A quick-and-dirty hack would be to just set the attention weights as attribute. E.g. like this as modification of the part between lines 412- 434 :
# Compute representation per bag (N times shape (d_v,))
mb_emb_seqs_after_attention = []
mb_attention_weights_list = []
start_i = 0
for n_seqs in n_sequences_per_bag:
# Get sequence embedding h() for single bag (shape: (n_sequences_per_bag, d_v))
attention_weights = mb_attention_weights[start_i:start_i+n_seqs]
mb_attention_weights_list.append(attention_weights.detach())

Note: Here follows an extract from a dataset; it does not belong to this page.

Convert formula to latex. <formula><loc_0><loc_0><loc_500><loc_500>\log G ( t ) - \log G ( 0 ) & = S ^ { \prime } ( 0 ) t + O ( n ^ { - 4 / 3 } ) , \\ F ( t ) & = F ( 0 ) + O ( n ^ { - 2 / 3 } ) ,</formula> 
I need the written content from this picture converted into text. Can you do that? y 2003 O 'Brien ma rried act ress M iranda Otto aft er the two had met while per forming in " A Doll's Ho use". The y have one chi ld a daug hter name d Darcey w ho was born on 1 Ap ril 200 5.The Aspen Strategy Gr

# Get attention weights for single bag (shape: (n_sequences_per_bag, 1))
emb_seqs = mb_emb_seqs[start_i:start_i+n_seqs]
# Calculate attention activations (softmax over n_sequences_per_bag) (shape: (n_sequences_per_bag, 1))

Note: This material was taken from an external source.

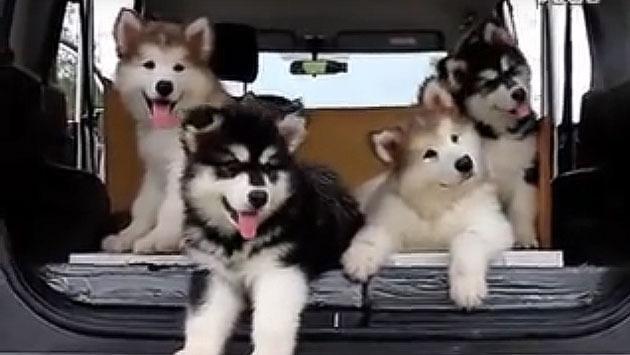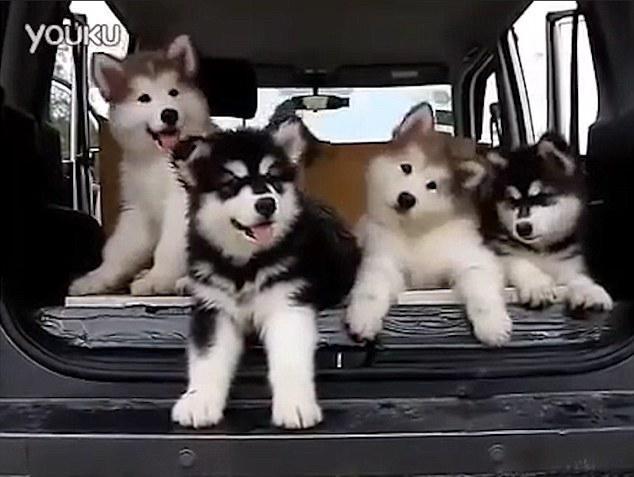The first image is the image on the left, the second image is the image on the right. Examine the images to the left and right. Is the description "Each image includes a black-and-white husky with an open mouth, and at least one image includes a dog reclining on its belly with its front paws extended." accurate? Answer yes or no. Yes. The first image is the image on the left, the second image is the image on the right. Assess this claim about the two images: "A dog is sitting.". Correct or not? Answer yes or no. Yes.

attention_weights = torch.softmax(attention_weights, dim=0)
# Apply attention weights to sequence features (shape: (n_sequences_per_bag, d_v))
emb_seqs_after_attention = emb_seqs * attention_weights
# Compute weighted sum over sequence features after attention (format: (d_v,))
mb_emb_seqs_after_attention.append(emb_seqs_after_attention.sum(dim=0))
start_i += n_seqs
# Stack representations of bags (shape (N, d_v))
emb_seqs_after_attention = torch.stack(mb_emb_seqs_after_attention, dim=0)
# Calculate predictions (shape (N, n_outputs))
predictions = self.output_nn(emb_seqs_after_attention)
self.mb_attention_weights_list = mb_attention_weights_list
return predictions
Later you could access the attribute model.mb_attention_weights_list
in the evaluation function.
I hope that helps. Let me know if you need further help.
Best wishes, Michael